Published:  12:23 AM, 11 February 2019

When politics is upended


Fake politics has been upsetting the global social order in these unsettling times. Fake politics has always been there, especially since the decade of the 1960s.

In the United States, where a political arriviste named Donald Trump has been peddling this falsehood of an idea he calls fake news, the truth is that these rich men who are the government in Washington these days are guilty of practising fake politics. We can look at it in either of two ways.

In the first place, fake politics is politics of pretence, practised by men and women who understand little of the higher calling of politics. In the second, fake politics is politics when it passes into the hands of the ignorant or the arrogant or both, people who do not understand the way the world operates and have precious little idea of the workings of the universe.
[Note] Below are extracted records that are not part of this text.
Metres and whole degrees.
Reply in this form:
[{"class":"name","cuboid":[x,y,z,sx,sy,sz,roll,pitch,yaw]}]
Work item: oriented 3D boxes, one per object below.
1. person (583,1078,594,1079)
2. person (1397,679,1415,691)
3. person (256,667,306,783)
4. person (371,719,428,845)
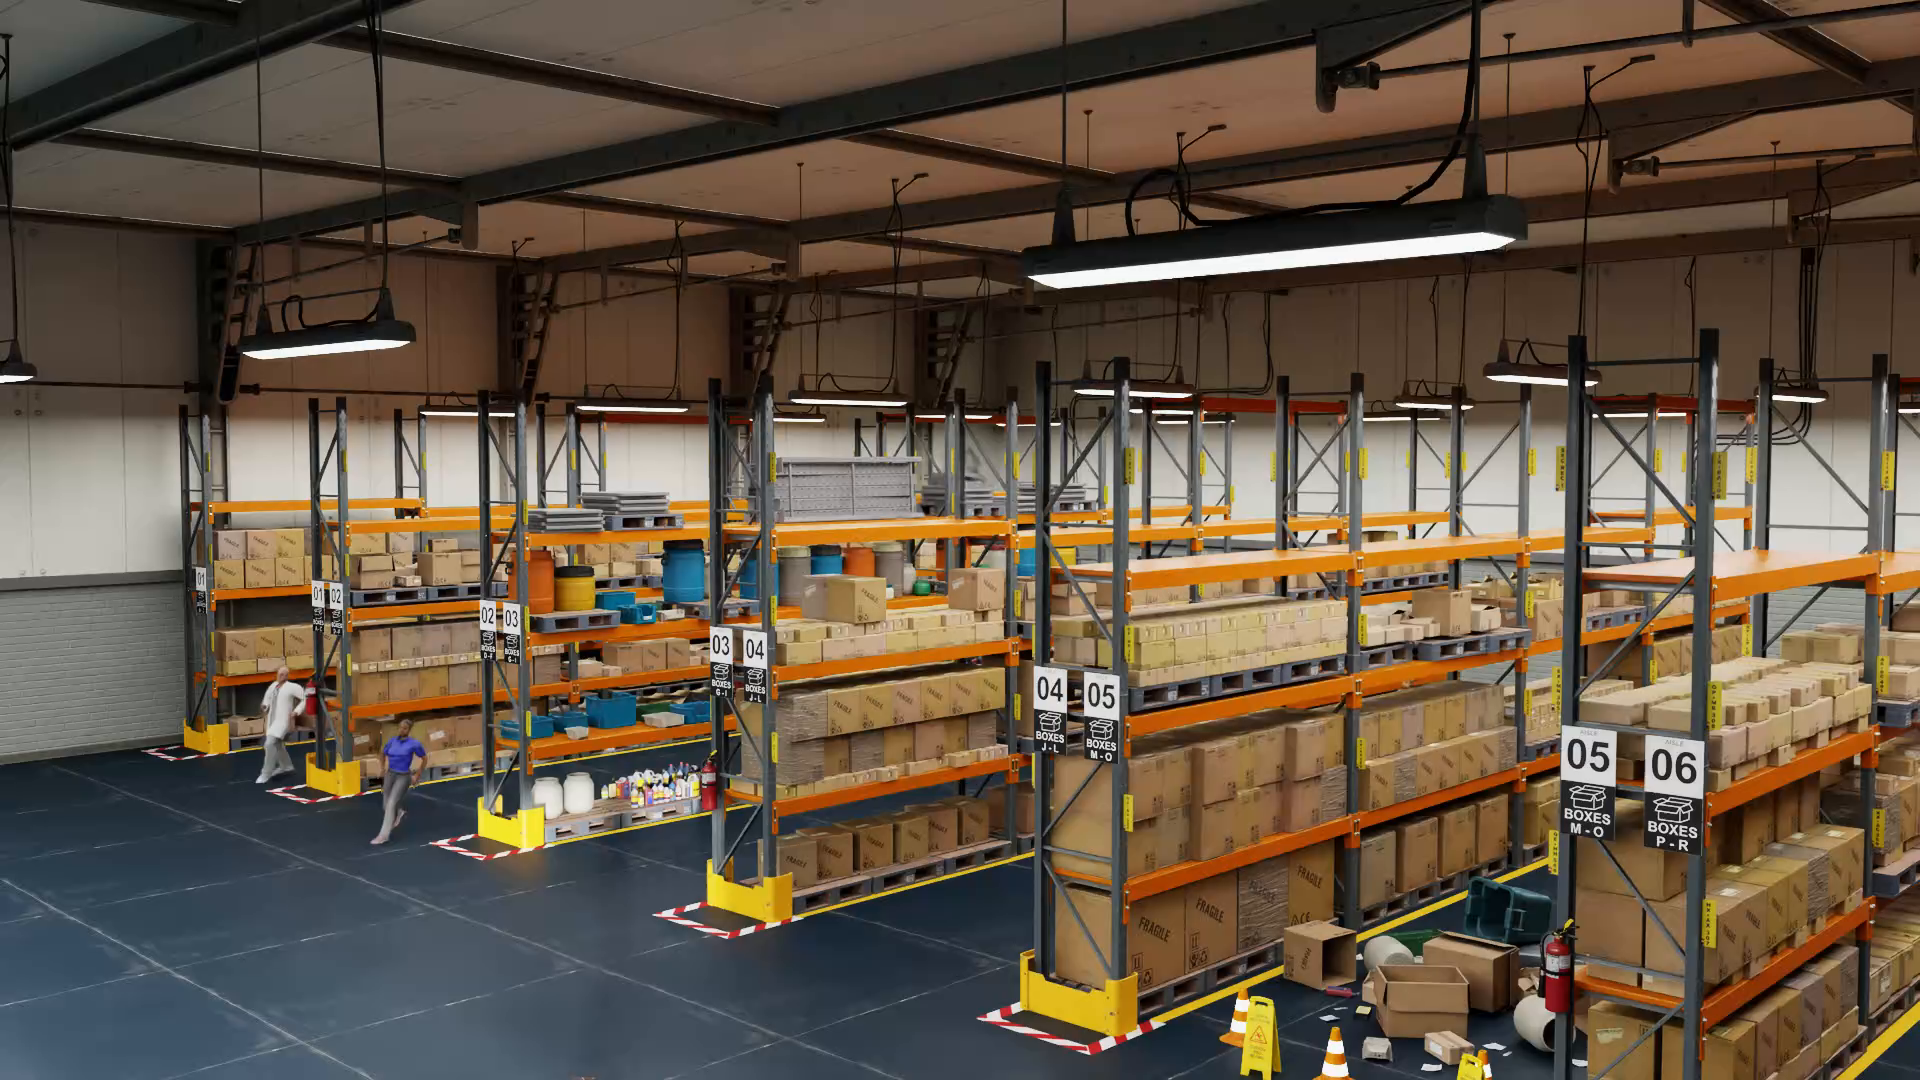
[{"class":"person","cuboid":[-2.105,3.860,9.355,0.559,1.614,0.556,-1,3,-16]},{"class":"person","cuboid":[7.047,2.936,26.229,0.626,1.723,0.802,3,4,44]},{"class":"person","cuboid":[-10.713,2.909,26.208,0.769,1.816,0.739,2,3,29]},{"class":"person","cuboid":[-7.448,3.190,22.163,0.640,1.604,0.828,0,3,9]}]

Fake politics was at work in Bangladesh in the 1970s when determined efforts at both local and global levels were made to undermine the government of Bangabandhu Sheikh Mujibur Rahman.  Fake news-cum-politics was the story of the reporter whose lies led to the death of the four leaders of the Mujibnagar government in prison in November 1975. Nearer home in Bangladesh, in Myanmar, Aung San Suu Kyi has been busy in her own practice of fake politics.

She has had nothing to say on the plight of the Rohingyas. She holds power without responsibility and actually has come to believe that looking away from reality is good politics and things will work themselves out in good time. Real politics is about breaking down walls. Fake politics puts up walls and barbed wires between states.